24 ДЕКАБРЯ 1988 ГОДА, СУББОТА
(ГЕНРИ 40, КЛЭР 17)
ГЕНРИ: Темный зимний день. Я в подвале Медоуларка, в читальном зале. Клэр оставила мне поесть: ростбиф и сыр на куске цельного белого хлеба с горчицей, яблоко, кварта молока и целый пластиковый пакет рождественских кексов, снежков, корично-ореховых треугольников и арахисовых, с прилепленными шоколадными сердечками. На мне мои любимые джинсы и футболка «Sex Pistols». Я должен быть счастлив, но увы: Клэр также оставила мне сегодняшний выпуск «Саут-Хейвен-дейли», датированный 24 декабря 1988 года. Канун Рождества. В этот вечер в баре «Гет Ми Хай»[38]в Чикаго мой двадцатипятилетний двойник напьется до такой степени, что свалится со стула у стойки на пол и ему промоют желудок в больнице «Мерси». Сегодня девятнадцатая годовщина смерти моей матери.

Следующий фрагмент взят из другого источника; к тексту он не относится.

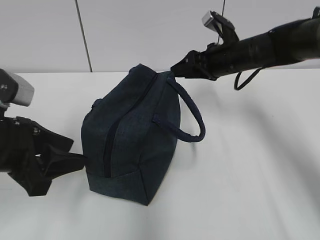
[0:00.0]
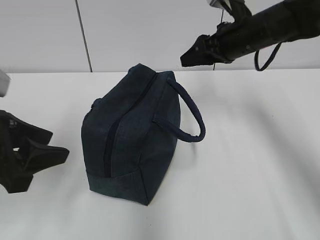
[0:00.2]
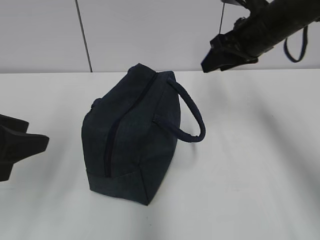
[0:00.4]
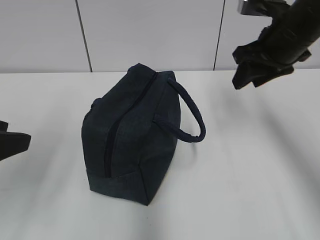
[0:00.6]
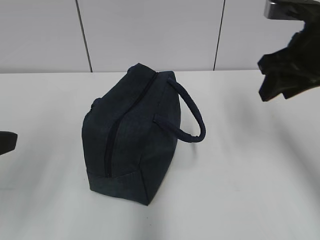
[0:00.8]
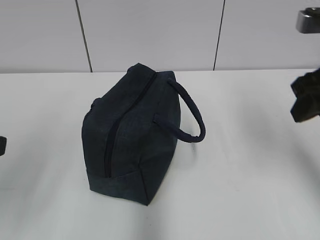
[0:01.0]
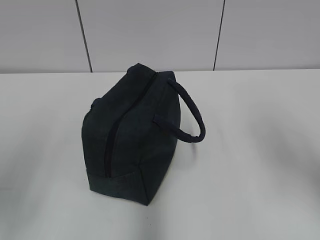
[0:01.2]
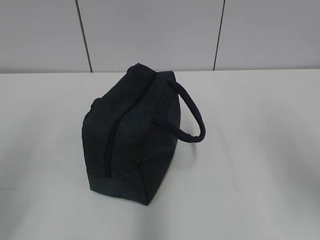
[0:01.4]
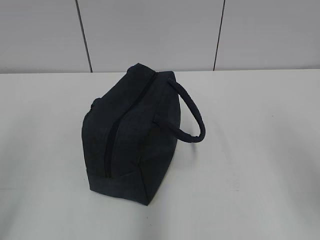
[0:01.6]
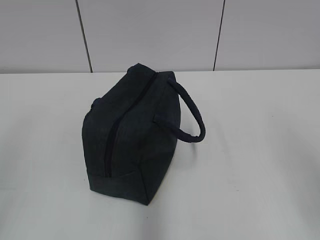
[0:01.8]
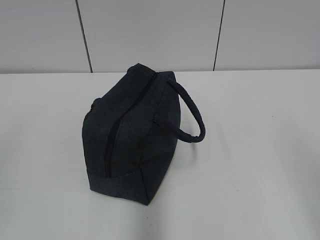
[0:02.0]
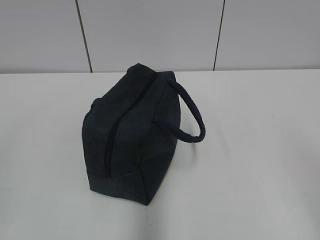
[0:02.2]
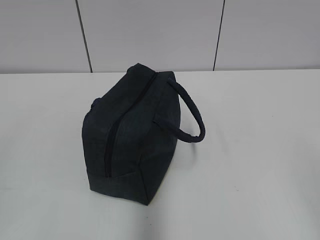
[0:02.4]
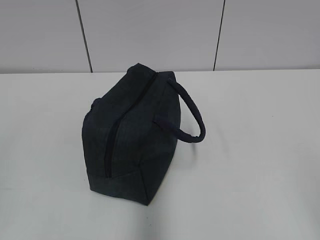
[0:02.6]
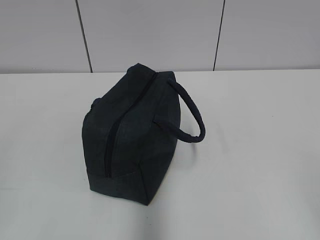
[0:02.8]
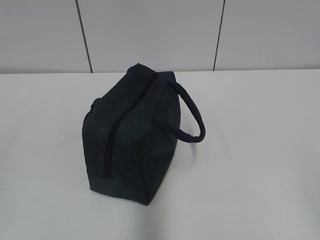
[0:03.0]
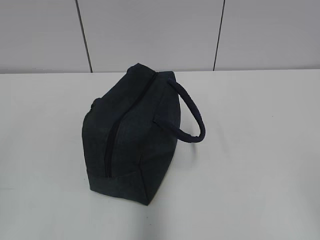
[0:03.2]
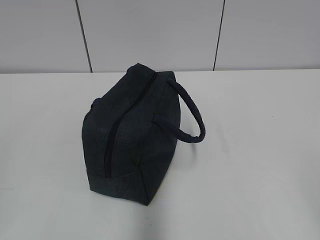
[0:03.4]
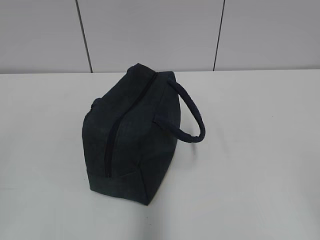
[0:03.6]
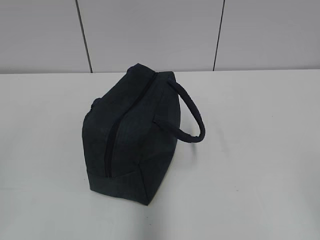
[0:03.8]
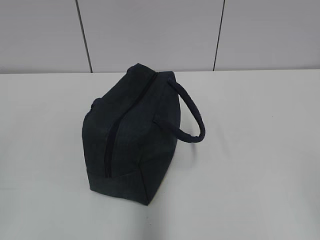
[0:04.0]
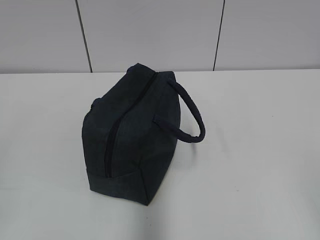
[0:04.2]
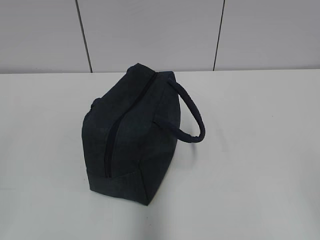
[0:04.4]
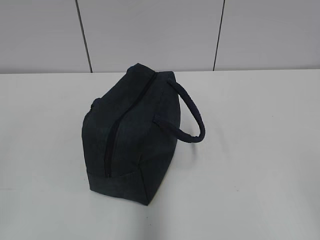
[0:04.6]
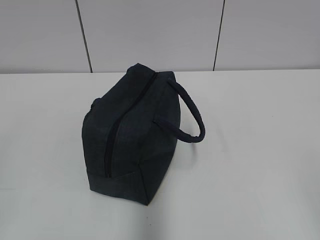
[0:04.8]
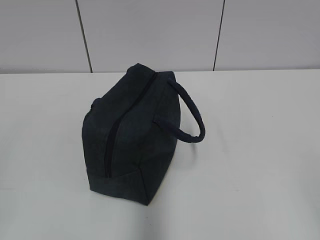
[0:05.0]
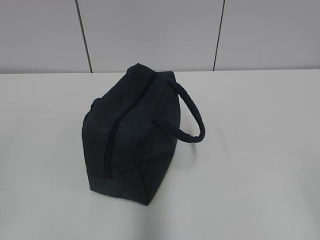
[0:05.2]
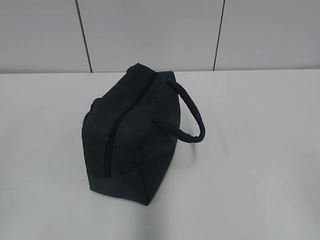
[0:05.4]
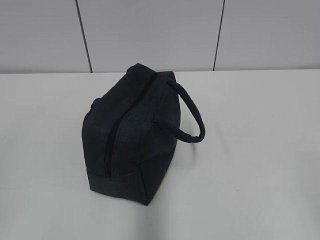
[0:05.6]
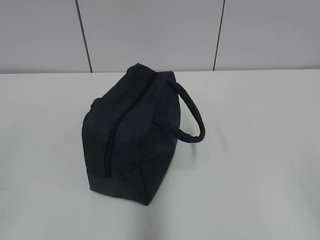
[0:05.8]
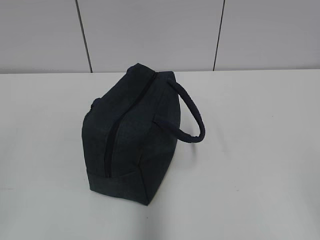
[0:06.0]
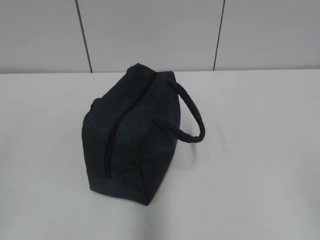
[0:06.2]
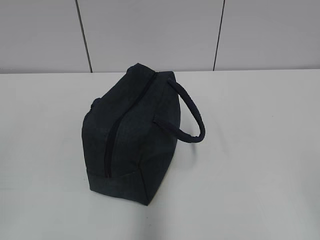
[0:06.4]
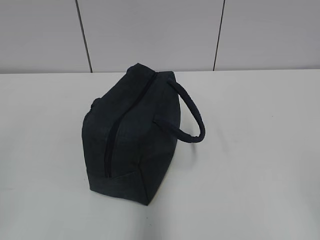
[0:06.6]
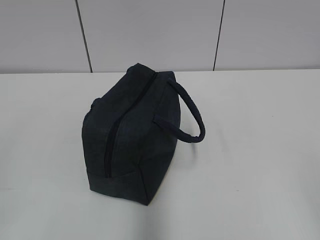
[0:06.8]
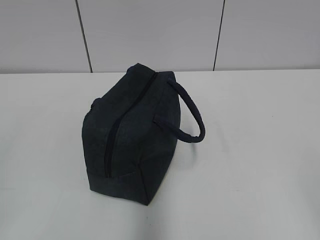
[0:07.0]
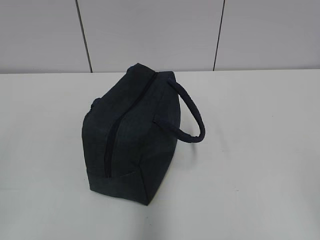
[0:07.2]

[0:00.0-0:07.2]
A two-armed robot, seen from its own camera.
0:00.0 to 0:01.4: The right gripper moves backward, approximately 30 cm, while the left gripper shifts approximately 15 cm backward, upward and to the left.
0:01.4 to 0:02.8: The left gripper moves backward, roughly 10 cm. The right gripper moves backward, some 15 cm.
0:04.4 to 0:07.2: Both grippers stay about where they are.

Тихо сижу и думаю о маме. Забавно, как стирается память. Если бы у меня были только детские воспоминания, мои знания о ней были бы бледными и расплывчатыми, с несколькими яркими моментами. Когда мне было пять лет, я слышал, как она пела партию Лулу в «Лирик-опере». Помню, как рядом со мной сидел отец, улыбаясь маме в конце первого акта, в полном восторге. Помню, как сидел с мамой в «Оркестр-Холле», глядя, как отец играет Бетховена в оркестре Булеза[39]. Помню, как мне позволили прийти в гостиную, когда у родителей был прием, и прочитать гостям «Тигр, о тигр, светло горящий в глубине полночной чащи» Блейка[40], там были одни завывания, мне было четыре, и когда я закончил, мама схватила меня в объятия и поцеловала, и все аплодировали. У нее на губах была темная помада, и я настоял, чтобы идти спать с отпечатком на щеке. Помню, как она сидела на скамейке в Уоррен-парке, папа катал меня на качелях, и она то приближалась, то отдалялась, то приближалась, то отдалялась.

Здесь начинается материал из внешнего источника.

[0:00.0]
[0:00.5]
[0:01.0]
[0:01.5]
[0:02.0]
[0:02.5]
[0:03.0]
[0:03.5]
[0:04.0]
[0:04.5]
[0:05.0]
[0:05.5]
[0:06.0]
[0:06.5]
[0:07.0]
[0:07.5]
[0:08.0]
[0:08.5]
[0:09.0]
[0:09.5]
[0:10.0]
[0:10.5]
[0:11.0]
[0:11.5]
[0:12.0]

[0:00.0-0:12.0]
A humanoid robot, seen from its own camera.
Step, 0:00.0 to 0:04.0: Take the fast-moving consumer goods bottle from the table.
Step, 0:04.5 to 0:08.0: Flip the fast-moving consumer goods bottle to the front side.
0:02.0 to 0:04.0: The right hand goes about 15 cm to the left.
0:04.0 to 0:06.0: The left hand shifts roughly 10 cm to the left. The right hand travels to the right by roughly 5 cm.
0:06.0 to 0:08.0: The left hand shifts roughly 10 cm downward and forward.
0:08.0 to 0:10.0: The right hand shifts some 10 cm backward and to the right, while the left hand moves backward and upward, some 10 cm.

Одной из лучших и самых горьких возможностей моих путешествий во времени было видеть маму живой. Я даже несколько раз разговаривал с ней; просто пара фраз: «Паршивая погода сегодня, не так ли?» Я уступал ей место в метро, шел за ней в супермаркет, смотрел, как она поет. Болтался около дома, где до сих пор живет мой отец, и смотрел, как они – и иногда я в детстве вместе с ними – гуляют, ходят в рестораны, в кино. Это шестидесятые, они молодые, элегантные, великолепные музыканты, перед ними простирается целый мир. Они счастливы, как жаворонки, они светятся успехом, радостью. Когда мы случайно сталкиваемся на улице, они машут мне рукой, думая, что я живу по соседству, люблю подолгу гулять, ношу странную прическу, таинственно исчезаю на какое-то время и меняю возраст. Однажды я слышал, как мой отец сделал предположение, что у меня рак. Меня до сих пор поражает, что отец так никогда и не понял, что человек, болтающийся рядом в первые годы его женитьбы, – это его сын.

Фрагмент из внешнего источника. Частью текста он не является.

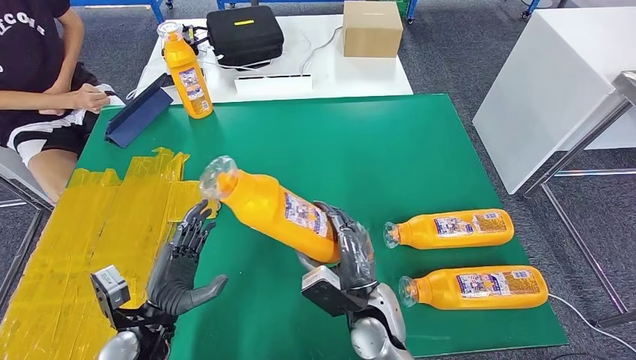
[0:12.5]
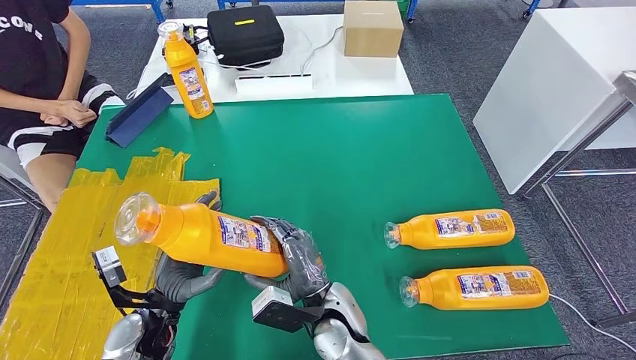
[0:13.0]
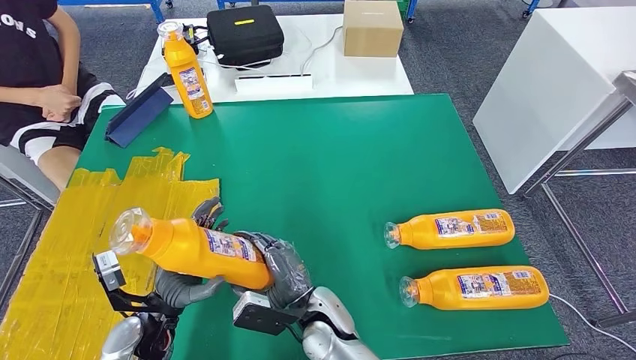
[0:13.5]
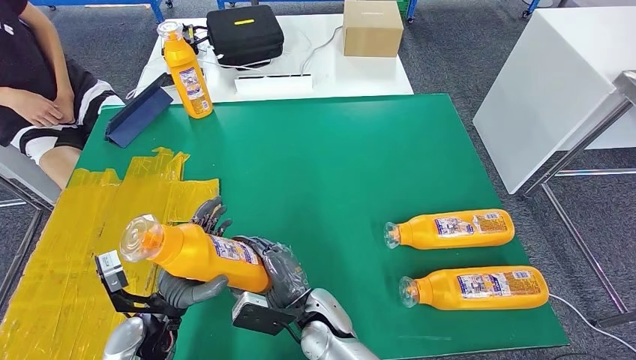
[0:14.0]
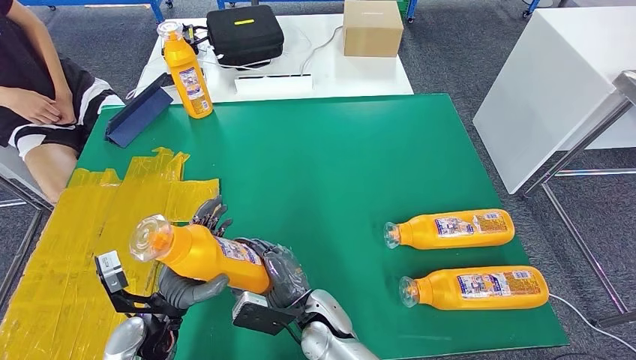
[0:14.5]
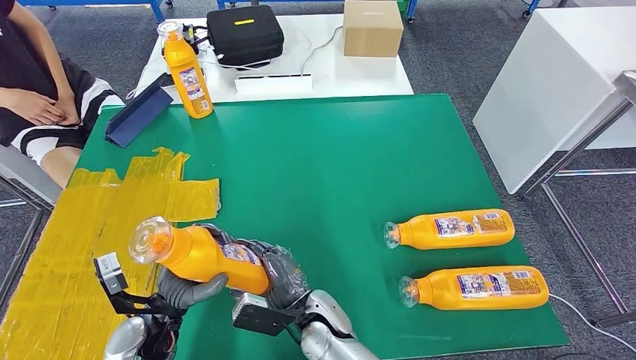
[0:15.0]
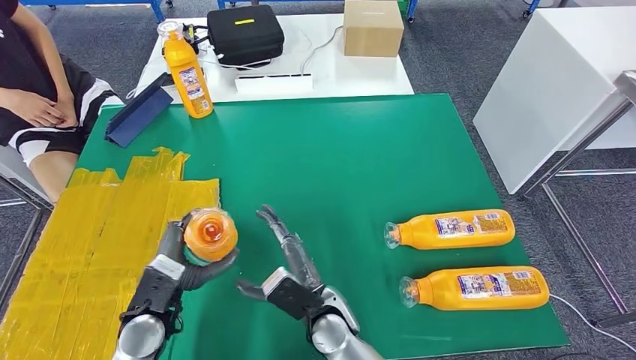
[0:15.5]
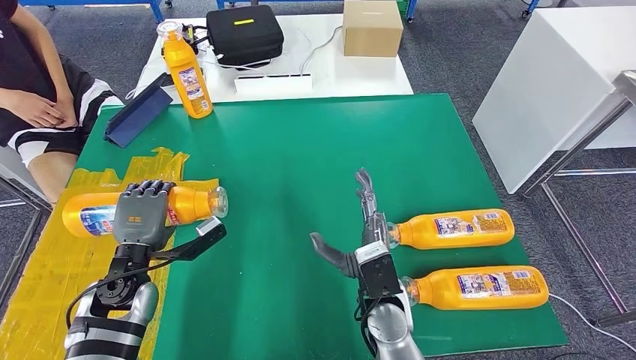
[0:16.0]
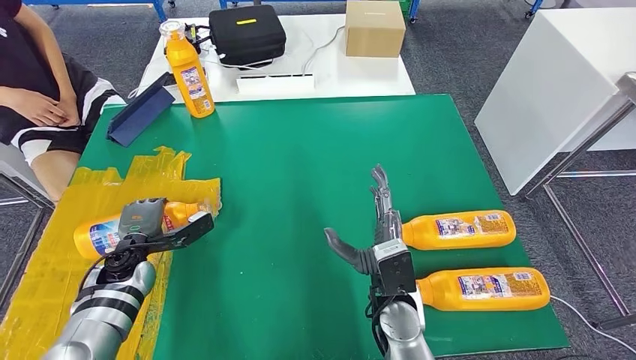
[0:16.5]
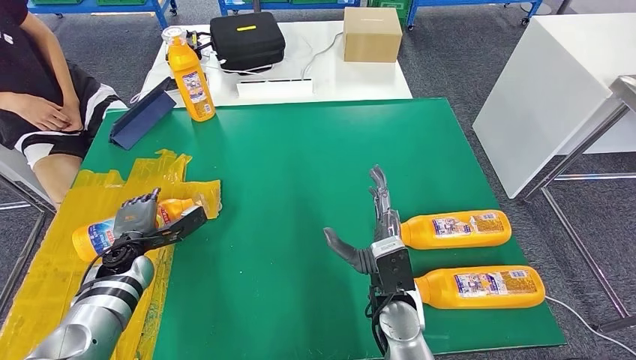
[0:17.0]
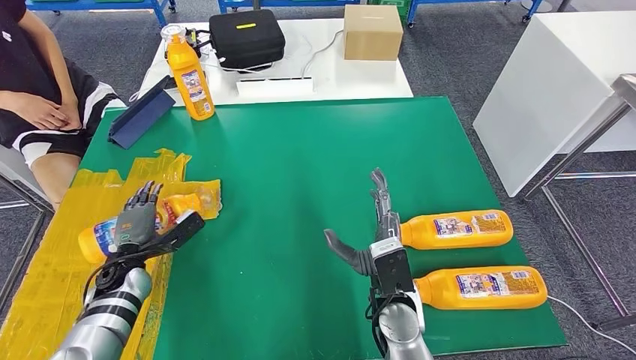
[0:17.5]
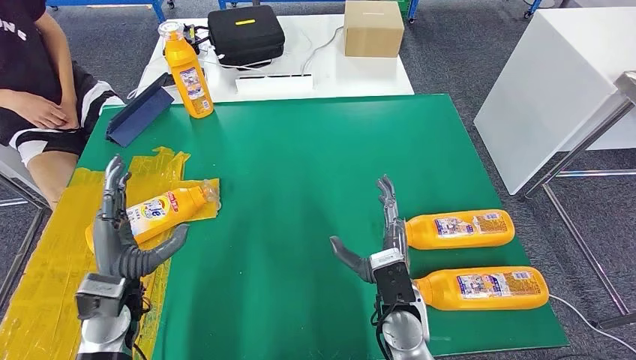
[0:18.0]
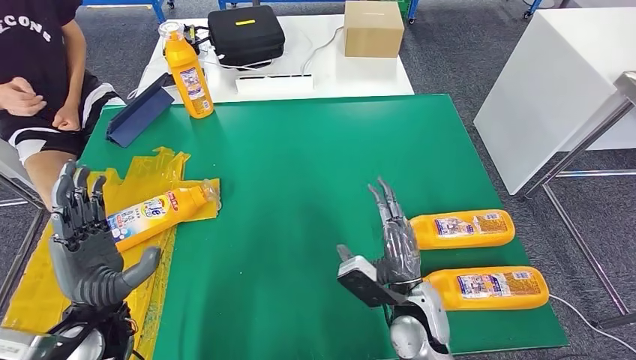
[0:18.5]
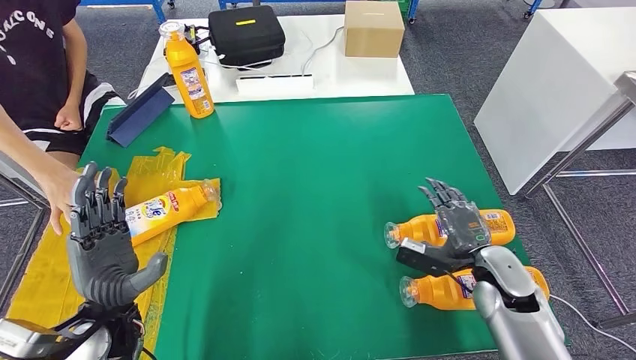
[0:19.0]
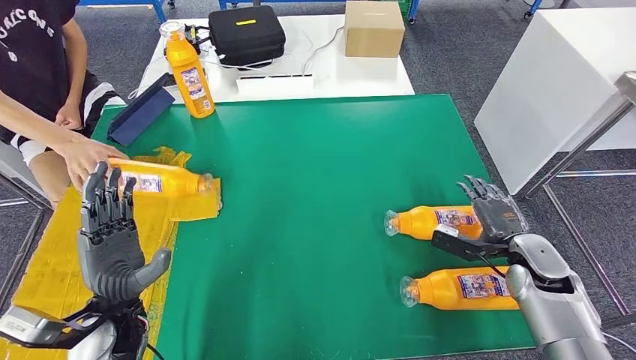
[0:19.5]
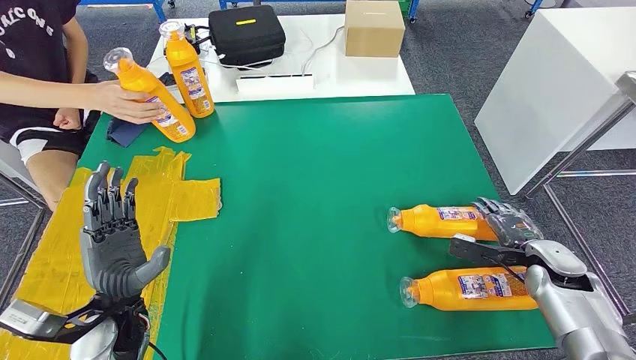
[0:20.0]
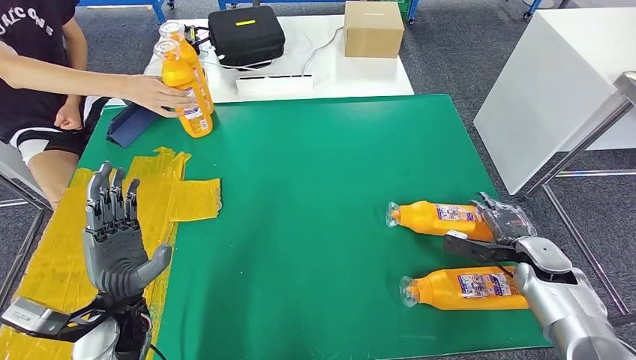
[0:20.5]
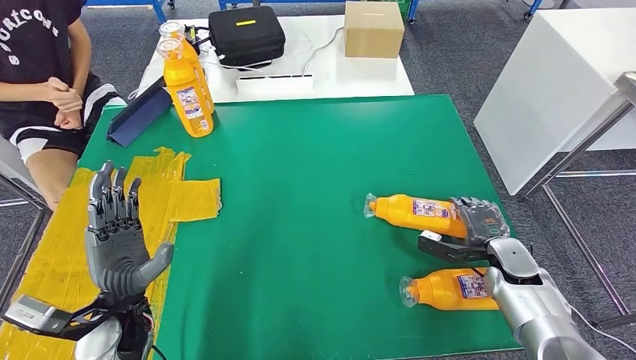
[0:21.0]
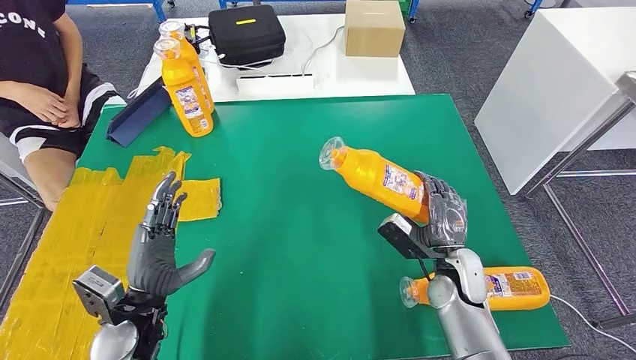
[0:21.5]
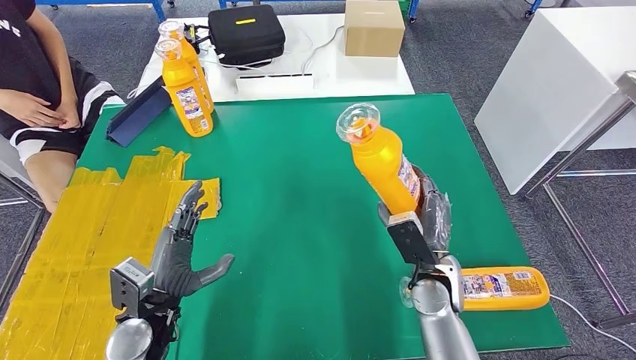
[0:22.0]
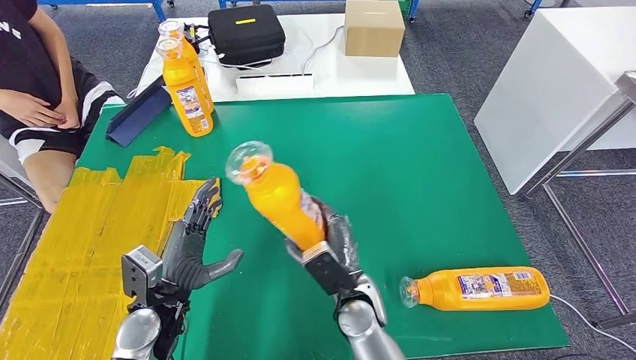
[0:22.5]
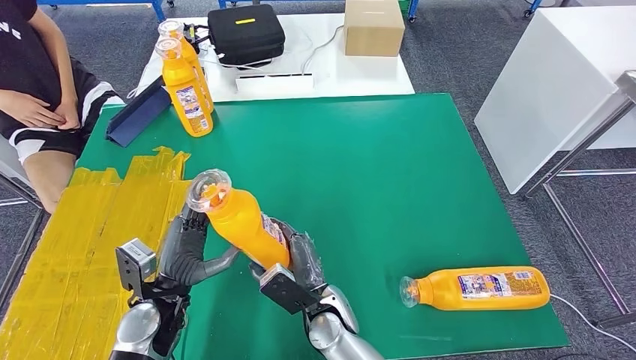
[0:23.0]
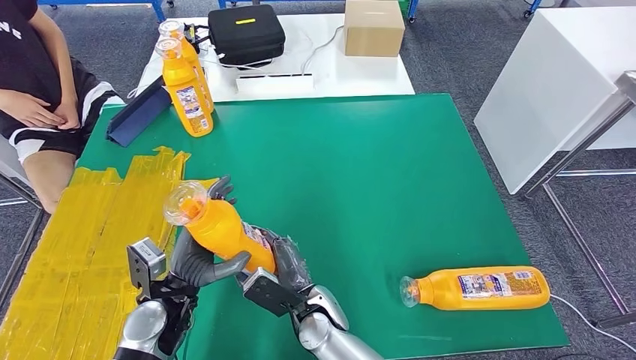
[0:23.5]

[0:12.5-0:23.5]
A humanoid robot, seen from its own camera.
Step, 0:13.0 to 0:17.0: Flip the fast-moving consumer goods bottle to the front side.
0:12.5 to 0:14.5: The right hand goes about 10 cm to the left.
0:14.5 to 0:16.0: The right hand shifts about 10 cm to the right and upward. Meanwhile the left hand shifts about 5 cm forward.

Я вижу свою маму и себя. Вот она беременная, вот они приносят меня из родильного дома, вот она идет со мной на прогулку в коляске и сидит, учит партитуры, тихонько напевая мне, качает рукой в такт, трясет надо мною игрушками. Вот мы идем за ручку и смотрим на белок, голубей, автомобили, на все, что движется. На ней пальто и мокасины, брюки-капри. Темные волосы обрамляют яркое лицо с полными губами и широко расставленными глазами; короткая стрижка; она похожа на итальянку, хотя на самом деле она еврейка. Помада, подводка для глаз, тушь для ресниц, румяна и карандаш для бровей – макияж, чтобы пойти в прачечную. Папа такой, как всегда: высокий, худой, одет неброско, в шляпе. Только лицо другое. Счастливое. Они дотрагиваются друг до друга, держатся за руки, идут в ногу. На пляже у нас у троих одинаковые по стилю солнечные очки, на мне нелепая голубая панамка. Мы лежим на солнце, намазавшись детским кремом. Пьем ром, колу и гавайский пунш.